I’m not trying to break any records on this trip, but because of the huge distances involved, using a faster kayak seemed to make sense – not just to cover the miles, but because in many situations, a faster kayak is safer. The Rockpool Taran seemed like an obvious choice to me (despite reading some mixed views about its suitability for a UK circumnavigation), but before buying one, I wanted to convince myself it was really faster than my Nordkapp RM.
I decided that the 75 mile circumnavigation of Anglesey
would be a good way to compare the Taran to my Nordkapp as I could expect a variety of conditions on the way round and after all, the Rockpool Taran had originally been designed to break the Anglesey circumnavigation record. I’d never been to Anglesey before, and foolishly arrived without having properly researched the tides. I also set off from Moelfre later in the day than planned. As a result, I ended up paddling against the tide most of the way through the Menai Straits, had to wait in an eddy at South Stack for three hours for the tide. I also had a pretty exciting time going through the tide race at Carmel Head as my arrival there coincided with a strong squall going against the spring tide. By the time I got back to Moelfre, it had taken me just over 48 hours (including two overnight camps) – some more careful planning was clearly needed !

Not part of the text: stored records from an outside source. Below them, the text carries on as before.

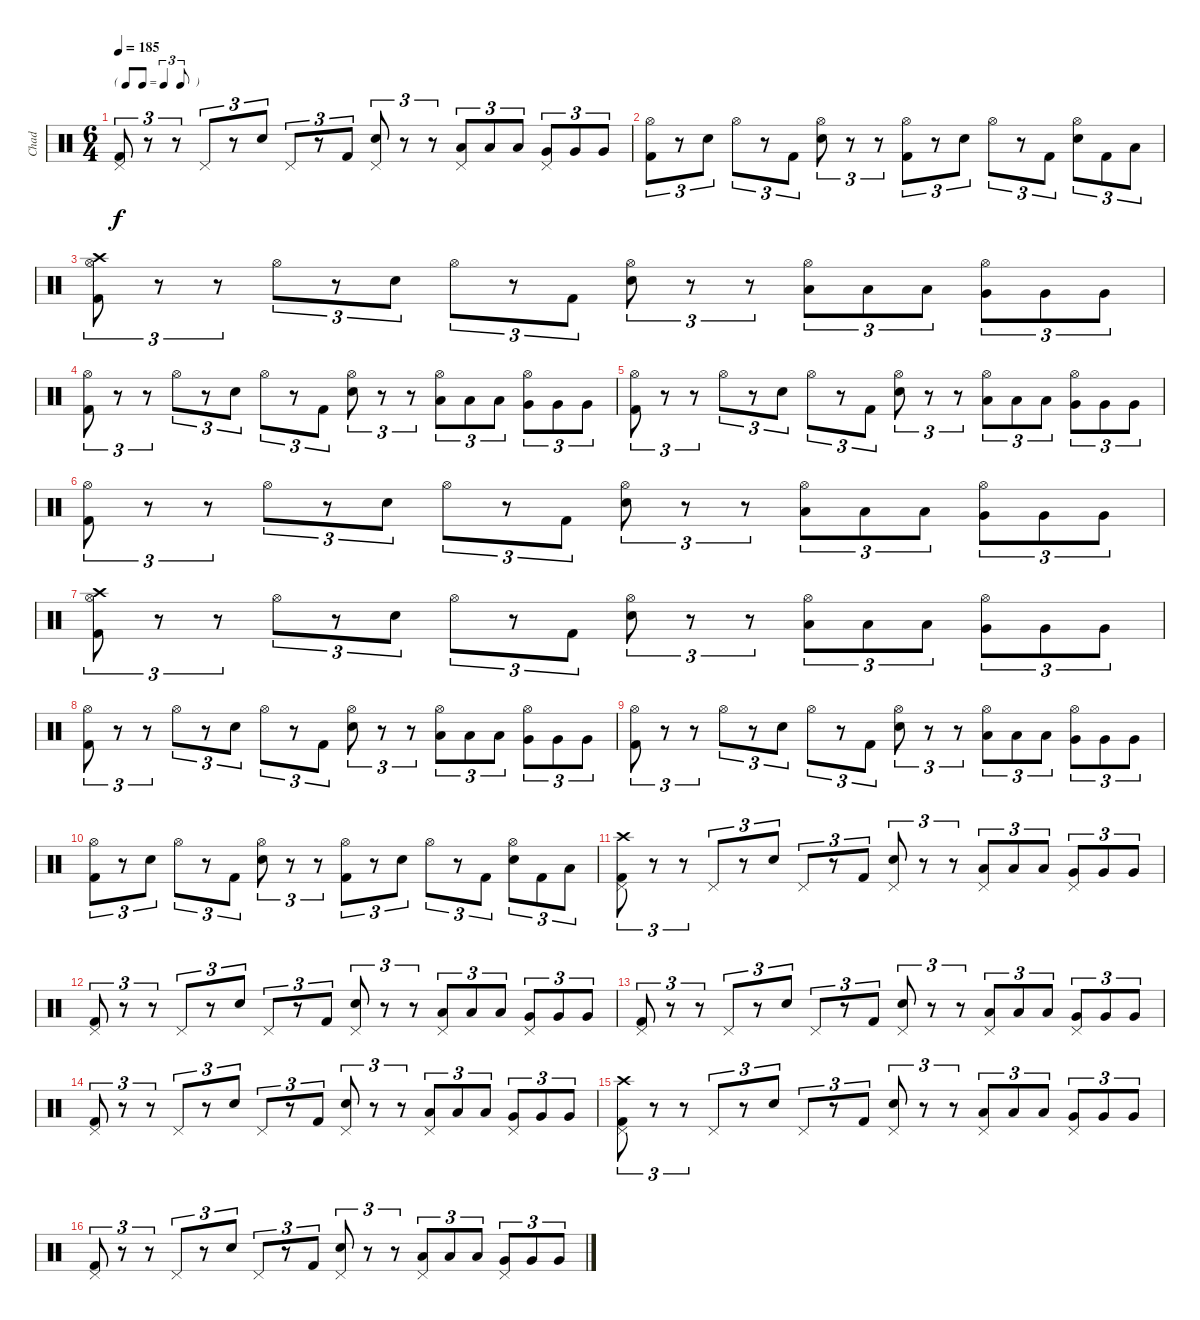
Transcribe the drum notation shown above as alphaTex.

\track ("Chad" "Chad") {instrument percussion}
\staff {score}
\articulation defaults
\ts (6 4)
\tf triplet8th
\tempo 185
\clef neutral
\ks c
("Kick (hit) 2" "Pedal Hi-Hat (hit)").8{tu (3 2) dy f} r.8{tu (3 2)} r.8{tu (3 2)} "Pedal Hi-Hat (hit)".8{tu (3 2)} r.8{tu (3 2)} "Electric Snare (hit)".8{tu (3 2)} "Pedal Hi-Hat (hit)".8{tu (3 2)} r.8{tu (3 2)} "Kick (hit) 2".8{tu (3 2)} ("Electric Snare (hit)" "Pedal Hi-Hat (hit)").8{tu (3 2)} r.8{tu (3 2)} r.8{tu (3 2)} ("Low Tom (hit)" "Pedal Hi-Hat (hit)").8{tu (3 2)} "Low Tom (hit)".8{tu (3 2)} "Low Tom (hit)".8{tu (3 2)} ("Very Low Tom (hit)" "Pedal Hi-Hat (hit)").8{tu (3 2)} "Very Low Tom (hit)".8{tu (3 2)} "Very Low Tom (hit)".8{tu (3 2)} |
("Kick (hit) 2" "Hi-Hat (open)").8{tu (3 2)} r.8{tu (3 2)} "Electric Snare (hit)".8{tu (3 2)} "Hi-Hat (open)".8{tu (3 2)} r.8{tu (3 2)} "Kick (hit) 2".8{tu (3 2)} ("Electric Snare (hit)" "Hi-Hat (open)").8{tu (3 2)} r.8{tu (3 2)} r.8{tu (3 2)} ("Kick (hit) 2" "Hi-Hat (open)").8{tu (3 2)} r.8{tu (3 2)} "Electric Snare (hit)".8{tu (3 2)} "Hi-Hat (open)".8{tu (3 2)} r.8{tu (3 2)} "Kick (hit) 2".8{tu (3 2)} ("Electric Snare (hit)" "Hi-Hat (open)").8{tu (3 2)} "Kick (hit) 2".8{tu (3 2)} "Low Tom (hit)".8{tu (3 2)} |
("Kick (hit) 2" "Hi-Hat (open)" "Crash high (hit)").8{tu (3 2)} r.8{tu (3 2)} r.8{tu (3 2)} "Hi-Hat (open)".8{tu (3 2)} r.8{tu (3 2)} "Electric Snare (hit)".8{tu (3 2)} "Hi-Hat (open)".8{tu (3 2)} r.8{tu (3 2)} "Kick (hit) 2".8{tu (3 2)} ("Electric Snare (hit)" "Hi-Hat (open)").8{tu (3 2)} r.8{tu (3 2)} r.8{tu (3 2)} ("Low Tom (hit)" "Hi-Hat (open)").8{tu (3 2)} "Low Tom (hit)".8{tu (3 2)} "Low Tom (hit)".8{tu (3 2)} ("Very Low Tom (hit)" "Hi-Hat (open)").8{tu (3 2)} "Very Low Tom (hit)".8{tu (3 2)} "Very Low Tom (hit)".8{tu (3 2)} |
("Kick (hit) 2" "Hi-Hat (open)").8{tu (3 2)} r.8{tu (3 2)} r.8{tu (3 2)} "Hi-Hat (open)".8{tu (3 2)} r.8{tu (3 2)} "Electric Snare (hit)".8{tu (3 2)} "Hi-Hat (open)".8{tu (3 2)} r.8{tu (3 2)} "Kick (hit) 2".8{tu (3 2)} ("Electric Snare (hit)" "Hi-Hat (open)").8{tu (3 2)} r.8{tu (3 2)} r.8{tu (3 2)} ("Low Tom (hit)" "Hi-Hat (open)").8{tu (3 2)} "Low Tom (hit)".8{tu (3 2)} "Low Tom (hit)".8{tu (3 2)} ("Very Low Tom (hit)" "Hi-Hat (open)").8{tu (3 2)} "Very Low Tom (hit)".8{tu (3 2)} "Very Low Tom (hit)".8{tu (3 2)} |
("Kick (hit) 2" "Hi-Hat (open)").8{tu (3 2)} r.8{tu (3 2)} r.8{tu (3 2)} "Hi-Hat (open)".8{tu (3 2)} r.8{tu (3 2)} "Electric Snare (hit)".8{tu (3 2)} "Hi-Hat (open)".8{tu (3 2)} r.8{tu (3 2)} "Kick (hit) 2".8{tu (3 2)} ("Electric Snare (hit)" "Hi-Hat (open)").8{tu (3 2)} r.8{tu (3 2)} r.8{tu (3 2)} ("Low Tom (hit)" "Hi-Hat (open)").8{tu (3 2)} "Low Tom (hit)".8{tu (3 2)} "Low Tom (hit)".8{tu (3 2)} ("Very Low Tom (hit)" "Hi-Hat (open)").8{tu (3 2)} "Very Low Tom (hit)".8{tu (3 2)} "Very Low Tom (hit)".8{tu (3 2)} |
("Kick (hit) 2" "Hi-Hat (open)").8{tu (3 2)} r.8{tu (3 2)} r.8{tu (3 2)} "Hi-Hat (open)".8{tu (3 2)} r.8{tu (3 2)} "Electric Snare (hit)".8{tu (3 2)} "Hi-Hat (open)".8{tu (3 2)} r.8{tu (3 2)} "Kick (hit) 2".8{tu (3 2)} ("Electric Snare (hit)" "Hi-Hat (open)").8{tu (3 2)} r.8{tu (3 2)} r.8{tu (3 2)} ("Low Tom (hit)" "Hi-Hat (open)").8{tu (3 2)} "Low Tom (hit)".8{tu (3 2)} "Low Tom (hit)".8{tu (3 2)} ("Very Low Tom (hit)" "Hi-Hat (open)").8{tu (3 2)} "Very Low Tom (hit)".8{tu (3 2)} "Very Low Tom (hit)".8{tu (3 2)} |
("Kick (hit) 2" "Hi-Hat (open)" "Crash high (hit)").8{tu (3 2)} r.8{tu (3 2)} r.8{tu (3 2)} "Hi-Hat (open)".8{tu (3 2)} r.8{tu (3 2)} "Electric Snare (hit)".8{tu (3 2)} "Hi-Hat (open)".8{tu (3 2)} r.8{tu (3 2)} "Kick (hit) 2".8{tu (3 2)} ("Electric Snare (hit)" "Hi-Hat (open)").8{tu (3 2)} r.8{tu (3 2)} r.8{tu (3 2)} ("Low Tom (hit)" "Hi-Hat (open)").8{tu (3 2)} "Low Tom (hit)".8{tu (3 2)} "Low Tom (hit)".8{tu (3 2)} ("Very Low Tom (hit)" "Hi-Hat (open)").8{tu (3 2)} "Very Low Tom (hit)".8{tu (3 2)} "Very Low Tom (hit)".8{tu (3 2)} |
("Kick (hit) 2" "Hi-Hat (open)").8{tu (3 2)} r.8{tu (3 2)} r.8{tu (3 2)} "Hi-Hat (open)".8{tu (3 2)} r.8{tu (3 2)} "Electric Snare (hit)".8{tu (3 2)} "Hi-Hat (open)".8{tu (3 2)} r.8{tu (3 2)} "Kick (hit) 2".8{tu (3 2)} ("Electric Snare (hit)" "Hi-Hat (open)").8{tu (3 2)} r.8{tu (3 2)} r.8{tu (3 2)} ("Low Tom (hit)" "Hi-Hat (open)").8{tu (3 2)} "Low Tom (hit)".8{tu (3 2)} "Low Tom (hit)".8{tu (3 2)} ("Very Low Tom (hit)" "Hi-Hat (open)").8{tu (3 2)} "Very Low Tom (hit)".8{tu (3 2)} "Very Low Tom (hit)".8{tu (3 2)} |
("Kick (hit) 2" "Hi-Hat (open)").8{tu (3 2)} r.8{tu (3 2)} r.8{tu (3 2)} "Hi-Hat (open)".8{tu (3 2)} r.8{tu (3 2)} "Electric Snare (hit)".8{tu (3 2)} "Hi-Hat (open)".8{tu (3 2)} r.8{tu (3 2)} "Kick (hit) 2".8{tu (3 2)} ("Electric Snare (hit)" "Hi-Hat (open)").8{tu (3 2)} r.8{tu (3 2)} r.8{tu (3 2)} ("Low Tom (hit)" "Hi-Hat (open)").8{tu (3 2)} "Low Tom (hit)".8{tu (3 2)} "Low Tom (hit)".8{tu (3 2)} ("Very Low Tom (hit)" "Hi-Hat (open)").8{tu (3 2)} "Very Low Tom (hit)".8{tu (3 2)} "Very Low Tom (hit)".8{tu (3 2)} |
("Kick (hit) 2" "Hi-Hat (open)").8{tu (3 2)} r.8{tu (3 2)} "Electric Snare (hit)".8{tu (3 2)} "Hi-Hat (open)".8{tu (3 2)} r.8{tu (3 2)} "Kick (hit) 2".8{tu (3 2)} ("Electric Snare (hit)" "Hi-Hat (open)").8{tu (3 2)} r.8{tu (3 2)} r.8{tu (3 2)} ("Kick (hit) 2" "Hi-Hat (open)").8{tu (3 2)} r.8{tu (3 2)} "Electric Snare (hit)".8{tu (3 2)} "Hi-Hat (open)".8{tu (3 2)} r.8{tu (3 2)} "Kick (hit) 2".8{tu (3 2)} ("Electric Snare (hit)" "Hi-Hat (open)").8{tu (3 2)} "Kick (hit) 2".8{tu (3 2)} "Low Tom (hit)".8{tu (3 2)} |
("Kick (hit) 2" "Pedal Hi-Hat (hit)" "Crash high (hit)").8{tu (3 2)} r.8{tu (3 2)} r.8{tu (3 2)} "Pedal Hi-Hat (hit)".8{tu (3 2)} r.8{tu (3 2)} "Electric Snare (hit)".8{tu (3 2)} "Pedal Hi-Hat (hit)".8{tu (3 2)} r.8{tu (3 2)} "Kick (hit) 2".8{tu (3 2)} ("Electric Snare (hit)" "Pedal Hi-Hat (hit)").8{tu (3 2)} r.8{tu (3 2)} r.8{tu (3 2)} ("Low Tom (hit)" "Pedal Hi-Hat (hit)").8{tu (3 2)} "Low Tom (hit)".8{tu (3 2)} "Low Tom (hit)".8{tu (3 2)} ("Very Low Tom (hit)" "Pedal Hi-Hat (hit)").8{tu (3 2)} "Very Low Tom (hit)".8{tu (3 2)} "Very Low Tom (hit)".8{tu (3 2)} |
("Kick (hit) 2" "Pedal Hi-Hat (hit)").8{tu (3 2)} r.8{tu (3 2)} r.8{tu (3 2)} "Pedal Hi-Hat (hit)".8{tu (3 2)} r.8{tu (3 2)} "Electric Snare (hit)".8{tu (3 2)} "Pedal Hi-Hat (hit)".8{tu (3 2)} r.8{tu (3 2)} "Kick (hit) 2".8{tu (3 2)} ("Electric Snare (hit)" "Pedal Hi-Hat (hit)").8{tu (3 2)} r.8{tu (3 2)} r.8{tu (3 2)} ("Low Tom (hit)" "Pedal Hi-Hat (hit)").8{tu (3 2)} "Low Tom (hit)".8{tu (3 2)} "Low Tom (hit)".8{tu (3 2)} ("Very Low Tom (hit)" "Pedal Hi-Hat (hit)").8{tu (3 2)} "Very Low Tom (hit)".8{tu (3 2)} "Very Low Tom (hit)".8{tu (3 2)} |
("Kick (hit) 2" "Pedal Hi-Hat (hit)").8{tu (3 2)} r.8{tu (3 2)} r.8{tu (3 2)} "Pedal Hi-Hat (hit)".8{tu (3 2)} r.8{tu (3 2)} "Electric Snare (hit)".8{tu (3 2)} "Pedal Hi-Hat (hit)".8{tu (3 2)} r.8{tu (3 2)} "Kick (hit) 2".8{tu (3 2)} ("Electric Snare (hit)" "Pedal Hi-Hat (hit)").8{tu (3 2)} r.8{tu (3 2)} r.8{tu (3 2)} ("Low Tom (hit)" "Pedal Hi-Hat (hit)").8{tu (3 2)} "Low Tom (hit)".8{tu (3 2)} "Low Tom (hit)".8{tu (3 2)} ("Very Low Tom (hit)" "Pedal Hi-Hat (hit)").8{tu (3 2)} "Very Low Tom (hit)".8{tu (3 2)} "Very Low Tom (hit)".8{tu (3 2)} |
("Kick (hit) 2" "Pedal Hi-Hat (hit)").8{tu (3 2)} r.8{tu (3 2)} r.8{tu (3 2)} "Pedal Hi-Hat (hit)".8{tu (3 2)} r.8{tu (3 2)} "Electric Snare (hit)".8{tu (3 2)} "Pedal Hi-Hat (hit)".8{tu (3 2)} r.8{tu (3 2)} "Kick (hit) 2".8{tu (3 2)} ("Electric Snare (hit)" "Pedal Hi-Hat (hit)").8{tu (3 2)} r.8{tu (3 2)} r.8{tu (3 2)} ("Low Tom (hit)" "Pedal Hi-Hat (hit)").8{tu (3 2)} "Low Tom (hit)".8{tu (3 2)} "Low Tom (hit)".8{tu (3 2)} ("Very Low Tom (hit)" "Pedal Hi-Hat (hit)").8{tu (3 2)} "Very Low Tom (hit)".8{tu (3 2)} "Very Low Tom (hit)".8{tu (3 2)} |
("Kick (hit) 2" "Pedal Hi-Hat (hit)" "Crash high (hit)").8{tu (3 2)} r.8{tu (3 2)} r.8{tu (3 2)} "Pedal Hi-Hat (hit)".8{tu (3 2)} r.8{tu (3 2)} "Electric Snare (hit)".8{tu (3 2)} "Pedal Hi-Hat (hit)".8{tu (3 2)} r.8{tu (3 2)} "Kick (hit) 2".8{tu (3 2)} ("Electric Snare (hit)" "Pedal Hi-Hat (hit)").8{tu (3 2)} r.8{tu (3 2)} r.8{tu (3 2)} ("Low Tom (hit)" "Pedal Hi-Hat (hit)").8{tu (3 2)} "Low Tom (hit)".8{tu (3 2)} "Low Tom (hit)".8{tu (3 2)} ("Very Low Tom (hit)" "Pedal Hi-Hat (hit)").8{tu (3 2)} "Very Low Tom (hit)".8{tu (3 2)} "Very Low Tom (hit)".8{tu (3 2)} |
("Kick (hit) 2" "Pedal Hi-Hat (hit)").8{tu (3 2)} r.8{tu (3 2)} r.8{tu (3 2)} "Pedal Hi-Hat (hit)".8{tu (3 2)} r.8{tu (3 2)} "Electric Snare (hit)".8{tu (3 2)} "Pedal Hi-Hat (hit)".8{tu (3 2)} r.8{tu (3 2)} "Kick (hit) 2".8{tu (3 2)} ("Electric Snare (hit)" "Pedal Hi-Hat (hit)").8{tu (3 2)} r.8{tu (3 2)} r.8{tu (3 2)} ("Low Tom (hit)" "Pedal Hi-Hat (hit)").8{tu (3 2)} "Low Tom (hit)".8{tu (3 2)} "Low Tom (hit)".8{tu (3 2)} ("Very Low Tom (hit)" "Pedal Hi-Hat (hit)").8{tu (3 2)} "Very Low Tom (hit)".8{tu (3 2)} "Very Low Tom (hit)".8{tu (3 2)}

I returned to Anglesey for the next spring tides, in my Nordkapp again, this time starting from Cemlyn Bay just before dawn. The conditions were much calmer and very clear – I could see Puffin Island from over 13 miles away before I had even passed Point Lynas. Things went according to plan for the first half of the route – I passed under the Menai Bridge within five minutes of my planned time, however I ran out of steam a bit after that and started for fall behind schedule. Strangely, I didn’t see any other sea kayakers on the water all day even though it was the same weekend as the Anglesey Symposium. I didn’t realise how exhaused I was until I spoke to Holyhead Port on the radio before crossing Holyhead bay and found I could barely string a sentence together. By the time I returned to Cemlyn Bay, it was dusk and I was so tired that rather than put my tent up, I used it as a pillow on the back seat of my car where I slept through until the middle of the following morning. Anyway, I’d gone round Anglesey in 16h09m which I thought wasn’t too bad for a plastic kayak.
At the start of June, I went to Anglesey for a third time, and Mike from Rockpool had kindly let me take a demo Taran out for the day. This time, I started from Porth Dafarch, with calm conditions at the start (shown in the video below). Once I was out of the lee of the cliffs, there was a headwind that seemed to follow me round for much of the day.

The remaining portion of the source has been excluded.